### SUPPLIED DATA:
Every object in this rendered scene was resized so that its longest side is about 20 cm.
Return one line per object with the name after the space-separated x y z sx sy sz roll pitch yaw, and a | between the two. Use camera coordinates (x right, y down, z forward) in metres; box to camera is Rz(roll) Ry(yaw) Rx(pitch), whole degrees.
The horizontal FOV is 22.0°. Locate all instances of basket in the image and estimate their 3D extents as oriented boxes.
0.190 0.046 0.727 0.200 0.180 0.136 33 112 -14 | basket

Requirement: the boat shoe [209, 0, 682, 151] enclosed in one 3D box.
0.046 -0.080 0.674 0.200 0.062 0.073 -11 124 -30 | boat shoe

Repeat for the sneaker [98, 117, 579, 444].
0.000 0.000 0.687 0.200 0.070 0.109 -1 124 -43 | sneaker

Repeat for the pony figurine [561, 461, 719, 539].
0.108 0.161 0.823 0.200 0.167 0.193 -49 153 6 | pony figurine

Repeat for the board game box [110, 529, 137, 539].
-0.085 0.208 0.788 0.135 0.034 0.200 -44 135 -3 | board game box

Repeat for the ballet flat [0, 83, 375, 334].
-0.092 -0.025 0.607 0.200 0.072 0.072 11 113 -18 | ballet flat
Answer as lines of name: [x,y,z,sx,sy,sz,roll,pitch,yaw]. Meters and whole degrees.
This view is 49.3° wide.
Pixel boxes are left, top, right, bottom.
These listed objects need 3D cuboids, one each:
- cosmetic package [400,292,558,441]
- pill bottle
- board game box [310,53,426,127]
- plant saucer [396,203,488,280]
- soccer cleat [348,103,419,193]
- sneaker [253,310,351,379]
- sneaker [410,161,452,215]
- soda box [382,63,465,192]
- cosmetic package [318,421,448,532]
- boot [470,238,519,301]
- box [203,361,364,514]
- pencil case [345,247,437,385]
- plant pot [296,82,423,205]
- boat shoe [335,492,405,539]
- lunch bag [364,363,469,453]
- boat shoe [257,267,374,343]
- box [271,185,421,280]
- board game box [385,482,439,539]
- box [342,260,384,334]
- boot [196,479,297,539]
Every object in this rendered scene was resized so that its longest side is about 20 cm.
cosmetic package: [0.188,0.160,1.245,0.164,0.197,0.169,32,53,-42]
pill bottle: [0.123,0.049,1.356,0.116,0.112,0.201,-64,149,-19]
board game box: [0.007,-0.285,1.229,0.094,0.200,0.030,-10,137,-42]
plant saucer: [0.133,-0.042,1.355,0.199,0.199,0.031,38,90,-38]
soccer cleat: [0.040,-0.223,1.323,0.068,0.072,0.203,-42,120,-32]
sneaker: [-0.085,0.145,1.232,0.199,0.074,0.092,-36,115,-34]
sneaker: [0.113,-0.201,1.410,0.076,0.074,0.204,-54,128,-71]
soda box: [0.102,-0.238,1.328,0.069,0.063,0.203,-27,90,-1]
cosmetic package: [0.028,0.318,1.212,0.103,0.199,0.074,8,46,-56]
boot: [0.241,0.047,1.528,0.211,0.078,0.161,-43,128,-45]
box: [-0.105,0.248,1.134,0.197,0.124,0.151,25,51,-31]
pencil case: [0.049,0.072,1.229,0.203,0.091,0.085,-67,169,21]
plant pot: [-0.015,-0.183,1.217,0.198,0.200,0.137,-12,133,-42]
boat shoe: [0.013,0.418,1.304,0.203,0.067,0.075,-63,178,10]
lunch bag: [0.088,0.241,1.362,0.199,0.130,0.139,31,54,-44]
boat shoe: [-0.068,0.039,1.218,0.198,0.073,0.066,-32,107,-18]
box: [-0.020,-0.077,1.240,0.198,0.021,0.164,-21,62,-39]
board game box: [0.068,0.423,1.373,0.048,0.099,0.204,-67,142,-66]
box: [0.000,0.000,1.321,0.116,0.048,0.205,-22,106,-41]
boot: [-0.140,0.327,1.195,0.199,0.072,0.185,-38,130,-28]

### TASK DESCRIPTION:
Output an identical copy of every record above.

### REPLY:
Every object in this rendered scene was resized so that its longest side is about 20 cm.
Return one line per object with the name after the space-separated x y z sx sy sz roll pitch yaw, and a | between the two. Use camera coordinates (x right, y down, z forward) in metres; box to camera is Rz(roll) Ry(yaw) Rx(pitch), whole degrees.
The horizontal FOV is 22.0°. Locate all instances of basket in the image and estimate their 3D extents as oriented boxes.
0.190 0.046 0.727 0.200 0.180 0.136 33 112 -14 | basket

Requirement: the boat shoe [209, 0, 682, 151] enclosed in one 3D box.
0.046 -0.080 0.674 0.200 0.062 0.073 -11 124 -30 | boat shoe

Repeat for the sneaker [98, 117, 579, 444].
0.000 0.000 0.687 0.200 0.070 0.109 -1 124 -43 | sneaker

Repeat for the pony figurine [561, 461, 719, 539].
0.108 0.161 0.823 0.200 0.167 0.193 -49 153 6 | pony figurine

Repeat for the board game box [110, 529, 137, 539].
-0.085 0.208 0.788 0.135 0.034 0.200 -44 135 -3 | board game box

Repeat for the ballet flat [0, 83, 375, 334].
-0.092 -0.025 0.607 0.200 0.072 0.072 11 113 -18 | ballet flat
Answer as lines of name: [x,y,z,sx,sy,sz,roll,pitch,yaw]. Meters and whole degrees.
This view is 49.3° wide.
Pixel boxes are left, top, right, bottom.
These listed objects need 3D cuboids, one each:
- cosmetic package [400,292,558,441]
- pill bottle
- board game box [310,53,426,127]
- plant saucer [396,203,488,280]
- soccer cleat [348,103,419,193]
- sneaker [253,310,351,379]
- sneaker [410,161,452,215]
- soda box [382,63,465,192]
- cosmetic package [318,421,448,532]
- boot [470,238,519,301]
- box [203,361,364,514]
- pencil case [345,247,437,385]
- plant pot [296,82,423,205]
- boat shoe [335,492,405,539]
- lunch bag [364,363,469,453]
- boat shoe [257,267,374,343]
- box [271,185,421,280]
- board game box [385,482,439,539]
- box [342,260,384,334]
- boot [196,479,297,539]
Every object in this rendered scene was resized so that its longest side is about 20 cm.
cosmetic package: [0.188,0.160,1.245,0.164,0.197,0.169,32,53,-42]
pill bottle: [0.123,0.049,1.356,0.116,0.112,0.201,-64,149,-19]
board game box: [0.007,-0.285,1.229,0.094,0.200,0.030,-10,137,-42]
plant saucer: [0.133,-0.042,1.355,0.199,0.199,0.031,38,90,-38]
soccer cleat: [0.040,-0.223,1.323,0.068,0.072,0.203,-42,120,-32]
sneaker: [-0.085,0.145,1.232,0.199,0.074,0.092,-36,115,-34]
sneaker: [0.113,-0.201,1.410,0.076,0.074,0.204,-54,128,-71]
soda box: [0.102,-0.238,1.328,0.069,0.063,0.203,-27,90,-1]
cosmetic package: [0.028,0.318,1.212,0.103,0.199,0.074,8,46,-56]
boot: [0.241,0.047,1.528,0.211,0.078,0.161,-43,128,-45]
box: [-0.105,0.248,1.134,0.197,0.124,0.151,25,51,-31]
pencil case: [0.049,0.072,1.229,0.203,0.091,0.085,-67,169,21]
plant pot: [-0.015,-0.183,1.217,0.198,0.200,0.137,-12,133,-42]
boat shoe: [0.013,0.418,1.304,0.203,0.067,0.075,-63,178,10]
lunch bag: [0.088,0.241,1.362,0.199,0.130,0.139,31,54,-44]
boat shoe: [-0.068,0.039,1.218,0.198,0.073,0.066,-32,107,-18]
box: [-0.020,-0.077,1.240,0.198,0.021,0.164,-21,62,-39]
board game box: [0.068,0.423,1.373,0.048,0.099,0.204,-67,142,-66]
box: [0.000,0.000,1.321,0.116,0.048,0.205,-22,106,-41]
boot: [-0.140,0.327,1.195,0.199,0.072,0.185,-38,130,-28]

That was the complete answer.